I could be wrong here, and Mobilman44 should speak up and say so if I am.
But I took his question to simply mean MU’d diesels, not modern DP, and him wanting to understand how one engineer controls 2 or more locomotives without them fighting each other like our models sometimes do.
This question, if I am right, suggests that the OP does not fully understand how a diesel electric locomotive works, let alone how how three or four of them respond to one set of commands.
Maybe he needs to understand how the traction motors are connected to the wheels and the fact that a real locomotive will roll when pushed, while our models will not.
And how the traction motors are controlled electrically and how the diesel engine and the traction motors respond to the commands from the engineer.
Maybe he needs to first understand how the four or six traction motors are separately geared to their individual axles and how they work together to move the locomotive.

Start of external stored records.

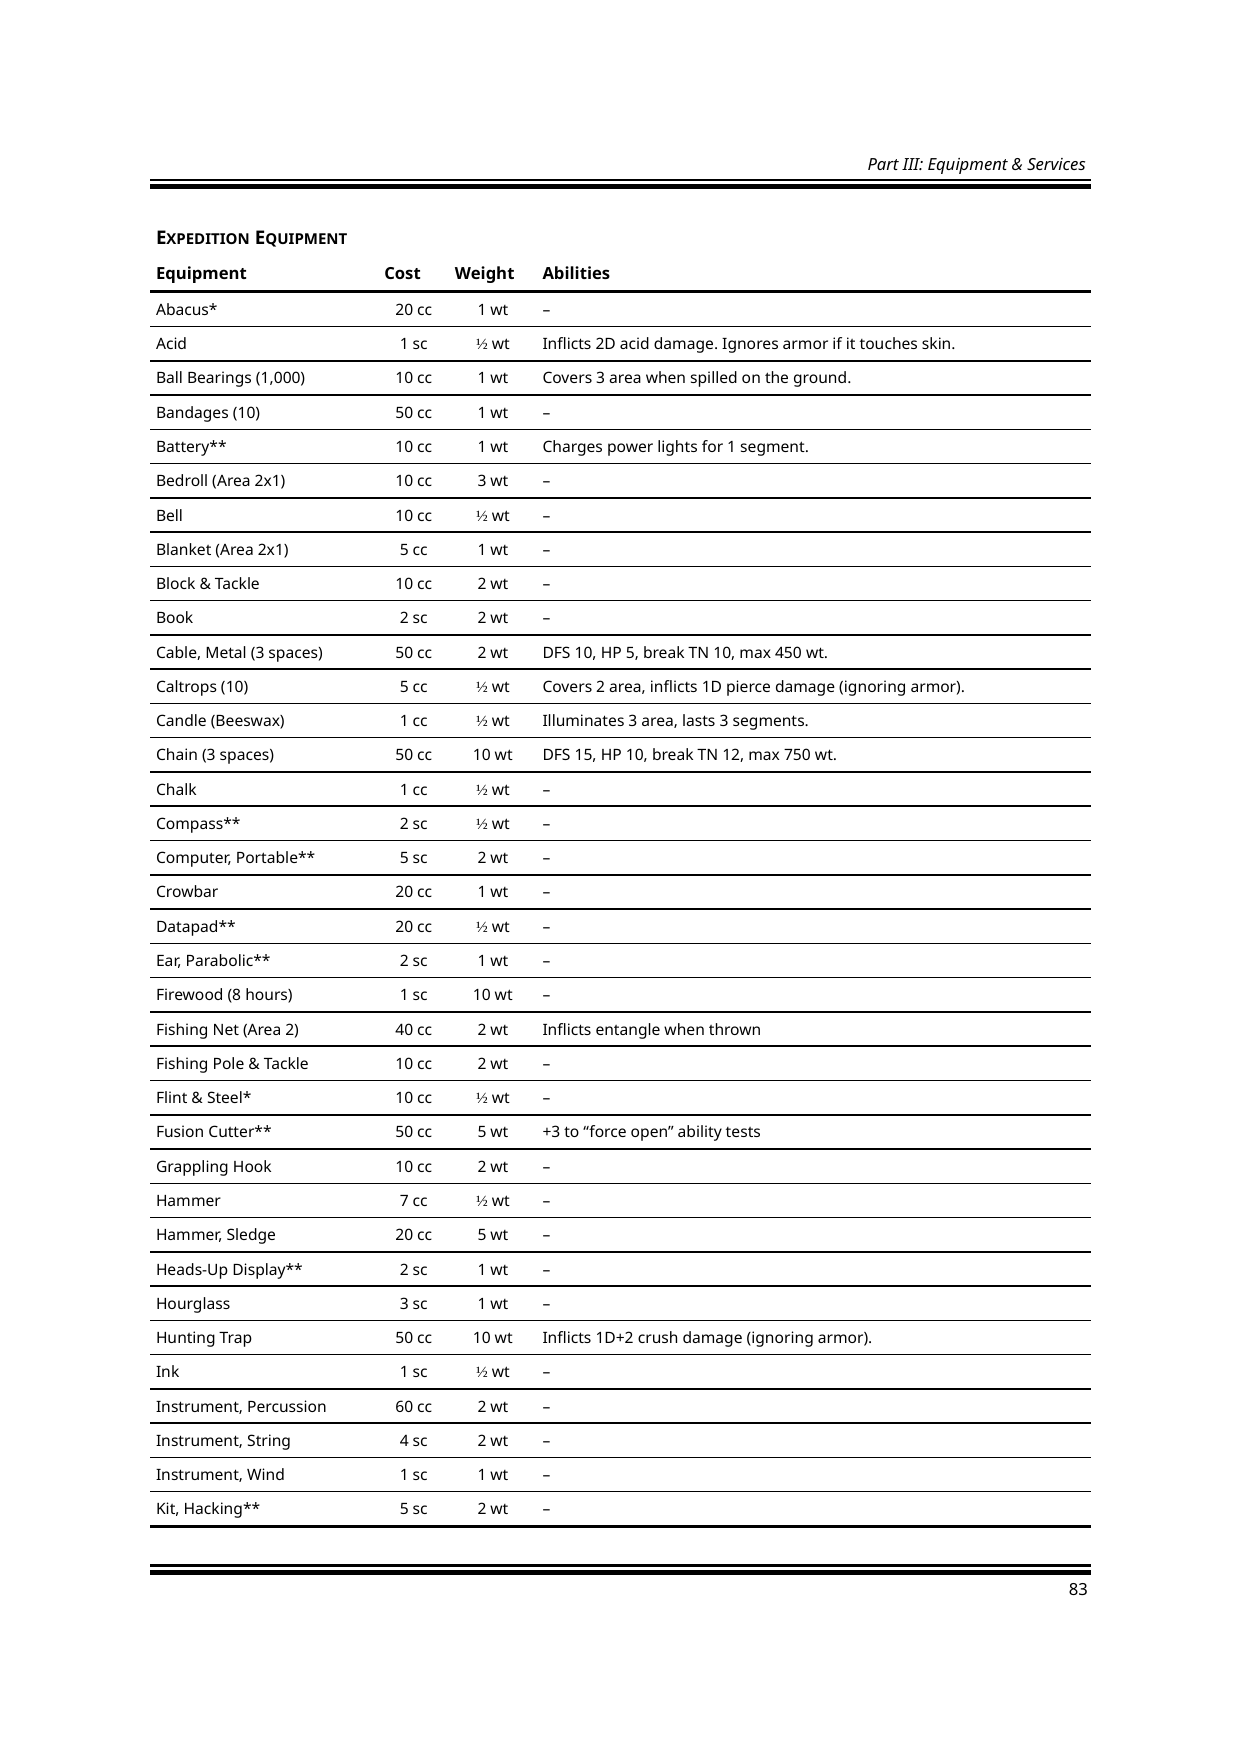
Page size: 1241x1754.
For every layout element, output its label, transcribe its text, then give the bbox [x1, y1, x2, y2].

table_cell 5 wt [449, 1218, 537, 1251]
table_cell 1 wt [449, 533, 537, 566]
table_cell Datapad** [150, 910, 378, 942]
table_cell Candle (Beeswax) [150, 704, 378, 737]
table_cell Kit, Hacking** [150, 1492, 378, 1525]
table_cell 10 cc [379, 464, 449, 497]
table_cell 1 wt [449, 396, 537, 428]
table_cell 2 sc [379, 944, 449, 977]
table_cell Cost [379, 256, 449, 290]
table_cell ½ wt [449, 1355, 537, 1388]
table_cell Instrument, String [150, 1424, 378, 1457]
table_cell Bandages (10) [150, 396, 378, 428]
table_cell Fishing Net (Area 2) [150, 1013, 378, 1045]
table_cell – [537, 1458, 1091, 1491]
table_cell 7 cc [379, 1184, 449, 1217]
table_cell Crowbar [150, 876, 378, 908]
table_cell – [537, 1047, 1091, 1079]
table_cell Heads-Up Display** [150, 1253, 378, 1285]
table_cell DFS 15, HP 10, break TN 12, max 750 wt. [537, 738, 1091, 771]
table_cell – [537, 1253, 1091, 1285]
table_cell 10 cc [379, 499, 449, 531]
table_cell – [537, 944, 1091, 977]
table_cell – [537, 1081, 1091, 1114]
table_cell 5 sc [379, 1492, 449, 1525]
table_cell – [537, 1150, 1091, 1182]
table_cell 2 wt [449, 636, 537, 668]
table_cell Flint & Steel* [150, 1081, 378, 1114]
table_cell 2 wt [449, 601, 537, 634]
table_cell Hammer, Sledge [150, 1218, 378, 1251]
table_cell 2 wt [449, 1013, 537, 1045]
table_cell – [537, 1492, 1091, 1525]
table_cell – [537, 293, 1091, 326]
table_cell Fusion Cutter** [150, 1116, 378, 1148]
table_cell 10 cc [379, 567, 449, 600]
table_cell Firewood (8 hours) [150, 978, 378, 1011]
table_cell 20 cc [379, 876, 449, 908]
table_cell 1 wt [449, 944, 537, 977]
table_cell ½ wt [449, 327, 537, 360]
table_cell – [537, 1218, 1091, 1251]
table_cell 20 cc [379, 293, 449, 326]
table_cell – [537, 807, 1091, 840]
table_cell 1 sc [379, 978, 449, 1011]
table_cell 1 sc [379, 1458, 449, 1491]
table_cell Instrument, Wind [150, 1458, 378, 1491]
table_cell 2 wt [449, 841, 537, 874]
table_cell 2 sc [379, 1253, 449, 1285]
table_cell – [537, 464, 1091, 497]
table_cell Fishing Pole & Tackle [150, 1047, 378, 1079]
table_cell Chalk [150, 773, 378, 805]
table_cell Computer, Portable** [150, 841, 378, 874]
table_cell – [537, 1184, 1091, 1217]
table_cell Bedroll (Area 2x1) [150, 464, 378, 497]
table_cell 60 cc [379, 1390, 449, 1422]
table_cell 10 cc [379, 1047, 449, 1079]
table_cell 50 cc [379, 1116, 449, 1148]
table_cell +3 to “force open” ability tests [537, 1116, 1091, 1148]
table_cell Ink [150, 1355, 378, 1388]
table_cell Equipment [150, 256, 378, 290]
table_cell 3 wt [449, 464, 537, 497]
table_cell Cable, Metal (3 spaces) [150, 636, 378, 668]
table_cell – [537, 910, 1091, 942]
table_cell Acid [150, 327, 378, 360]
table_cell 1 sc [379, 327, 449, 360]
table_cell Ball Bearings (1,000) [150, 362, 378, 394]
table_cell – [537, 1355, 1091, 1388]
table_cell 4 sc [379, 1424, 449, 1457]
table_cell Battery** [150, 430, 378, 463]
table_cell Chain (3 spaces) [150, 738, 378, 771]
table_cell 2 wt [449, 567, 537, 600]
table_cell Book [150, 601, 378, 634]
table_cell – [537, 567, 1091, 600]
table_cell 1 wt [449, 430, 537, 463]
table_cell Ear, Parabolic** [150, 944, 378, 977]
table_header Expedition Equipment [150, 219, 1091, 256]
table_cell ½ wt [449, 1184, 537, 1217]
table_cell Bell [150, 499, 378, 531]
table_cell 1 wt [449, 293, 537, 326]
table_cell 5 wt [449, 1116, 537, 1148]
table_cell Instrument, Percussion [150, 1390, 378, 1422]
table_cell Block & Tackle [150, 567, 378, 600]
table_cell 2 sc [379, 601, 449, 634]
table_cell 20 cc [379, 1218, 449, 1251]
table_cell – [537, 1287, 1091, 1319]
table_cell 1 wt [449, 1287, 537, 1319]
table_cell – [537, 1424, 1091, 1457]
table_cell Inflicts entangle when thrown [537, 1013, 1091, 1045]
table_cell 1 wt [449, 876, 537, 908]
table_cell – [537, 499, 1091, 531]
table_cell Compass** [150, 807, 378, 840]
table_cell 1 cc [379, 704, 449, 737]
table_cell Illuminates 3 area, lasts 3 segments. [537, 704, 1091, 737]
table_cell Blanket (Area 2x1) [150, 533, 378, 566]
table_cell – [537, 978, 1091, 1011]
table_cell 5 cc [379, 533, 449, 566]
table_cell Hourglass [150, 1287, 378, 1319]
table_cell Hunting Trap [150, 1321, 378, 1354]
table_cell – [537, 773, 1091, 805]
table_cell 2 wt [449, 1492, 537, 1525]
table_cell 5 cc [379, 670, 449, 703]
table_cell 1 wt [449, 362, 537, 394]
table_cell – [537, 1390, 1091, 1422]
table_cell 2 wt [449, 1390, 537, 1422]
table_cell ½ wt [449, 807, 537, 840]
table_cell 3 sc [379, 1287, 449, 1319]
table_cell Inflicts 1D+2 crush damage (ignoring armor). [537, 1321, 1091, 1354]
table_cell ½ wt [449, 704, 537, 737]
table_cell – [537, 876, 1091, 908]
table_cell Abilities [537, 256, 1091, 290]
table_cell 2 wt [449, 1150, 537, 1182]
table_cell 2 wt [449, 1424, 537, 1457]
table_cell 1 wt [449, 1458, 537, 1491]
table_cell 2 wt [449, 1047, 537, 1079]
table_cell Inflicts 2D acid damage. Ignores armor if it touches skin. [537, 327, 1091, 360]
table_cell 10 cc [379, 1081, 449, 1114]
table_cell 40 cc [379, 1013, 449, 1045]
table_cell 20 cc [379, 910, 449, 942]
table_cell Weight [449, 256, 537, 290]
table_cell 50 cc [379, 1321, 449, 1354]
table_cell ½ wt [449, 499, 537, 531]
table_cell Hammer [150, 1184, 378, 1217]
table_cell Abacus* [150, 293, 378, 326]
table_cell – [537, 396, 1091, 428]
table_cell Caltrops (10) [150, 670, 378, 703]
table_cell 10 cc [379, 430, 449, 463]
table_cell DFS 10, HP 5, break TN 10, max 450 wt. [537, 636, 1091, 668]
table_cell 50 cc [379, 636, 449, 668]
table_cell Charges power lights for 1 segment. [537, 430, 1091, 463]
table_cell ½ wt [449, 773, 537, 805]
table_cell Grappling Hook [150, 1150, 378, 1182]
table_cell ½ wt [449, 670, 537, 703]
table_cell 10 wt [449, 978, 537, 1011]
table_cell 50 cc [379, 396, 449, 428]
table_cell 10 wt [449, 1321, 537, 1354]
table_cell 1 sc [379, 1355, 449, 1388]
table_cell Covers 3 area when spilled on the ground. [537, 362, 1091, 394]
table_cell Covers 2 area, inflicts 1D pierce damage (ignoring armor). [537, 670, 1091, 703]
table_cell ½ wt [449, 1081, 537, 1114]
table_cell 2 sc [379, 807, 449, 840]
table_cell 10 cc [379, 362, 449, 394]
table_cell 50 cc [379, 738, 449, 771]
table_cell 10 wt [449, 738, 537, 771]
table_cell 1 cc [379, 773, 449, 805]
table_cell 1 wt [449, 1253, 537, 1285]
table_cell – [537, 841, 1091, 874]
table_cell – [537, 601, 1091, 634]
table_cell 5 sc [379, 841, 449, 874]
table_cell 10 cc [379, 1150, 449, 1182]
table_cell ½ wt [449, 910, 537, 942]
table_cell – [537, 533, 1091, 566]

Then it will make more sense to him how one set of commands can control multiple locomotives with minimal “conflict” as all these separately powered axles apply power to move the train, differently from our models with one motor applying power thru worm gears that will not free wheel.
Again, I could be wrong, but I think the OP is asking a more simple question than most of you have been trying to answer.
And now the irony in this, I am DC modeler, and nearly every train on my layout is powered by more than one powered locomotive. And while many are relatively “matched sets”, I also run double or trippled headed steam of mixed brands and wheel arrangements.
Example, a Spectrum 2-6-6-2 and a Proto 2-8-8-2 on the head end of a coal drag of 40-45 hoppers. They run fine together, no modifications, nothing done to “speed match” them.
Generally, if you really need two or more locos, and the starting voltage and gearing is close, they will run fine together.